Formula substitution has 1,188 generators. Search & backtracking has 1. But during training, both patterns get **3.8% of samples**. No free rides.

## Why Memorisation is Impossible

The entire curriculum is **1.85 MB of algorithms**. It produces **terabytes of unique instances**. That's a compression ratio of 1,250,000:1.

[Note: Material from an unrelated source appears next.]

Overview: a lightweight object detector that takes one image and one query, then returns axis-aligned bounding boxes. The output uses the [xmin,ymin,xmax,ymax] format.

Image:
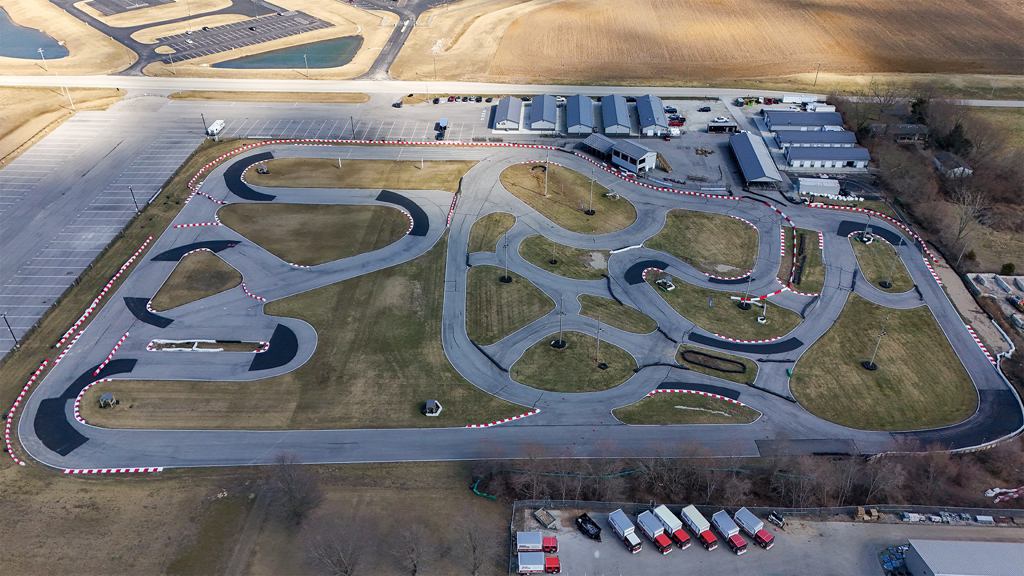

| Difficulty range | Unique problems | For scale... |
|---|---|---|
| d=1 only | ~10^12 | More than all Google searches ever |
| d=1-4 | ~10^41 | Grains of sand on Earth, squared |
| d=1-8 (full) | **~10^81** | **Atoms in the observable universe** |

Even the largest models can't put a dent in it:

| Model | Parameters | Can memorise | Coverage of 10^81 |
|---|---|---|---|
| GPT-2 | 124,000,000 | ~134,000 | 10^-76 |
| Llama-2 7B | 7,000,000,000 | ~7.5M | 10^-74 |
| Llama-2 70B | 70,000,000,000 | ~75M | 10^-73 |
| GPT-4 (est. ~1.8T) | 1,800,000,000,000 | ~1.9B | 10^-72 |
| Llama-3.1 405B | 405,000,000,000 | ~438M | 10^-72 |

GPT-4, estimated at 1.8 trillion parameters, could memorise roughly 2 billion samples. The dataset has 10^81. The gap is **72 orders of magnitude**. **The only winning strategy is to learn the algorithms.**

And here's the kicker: the algorithmic information (1.85 MB) fits inside even a 1M parameter model with 14x headroom. Models *can* store every algorithm. They *cannot* store even a billionth of the instances.

## Tokenizer

All mathematical notation is written in **LaTeX**. The model learns to read and write LaTeX as a native language -- fractions, integrals, matrices, Greek letters (spelled out), superscripts, subscripts, and nested expressions. This means a model trained on Engram Generator doesn't just learn to solve maths -- it learns the standard notation that humans use to communicate it.

```
\frac{d}{dx}(-x^2-2x-2) <step> -1*2x=-2x <step> -2*1=-2 <step> 0 <step> -2x-2

\begin{pmatrix} -5 & 3 \\ 2 & 2 \end{pmatrix} \times \begin{pmatrix} -1 & -2 \\ -3 & 8 \end{pmatrix}

\oint_{|z|=3} \frac{1}{z^{2}+z-6} dz <step> poles: z=-3, 2 <step> Res(f,2)=0.2 <step> 1.2566i
```

Engram Generator uses a **character-level tokenizer** -- every character maps to exactly one token. No subword merging. No BPE. No SentencePiece.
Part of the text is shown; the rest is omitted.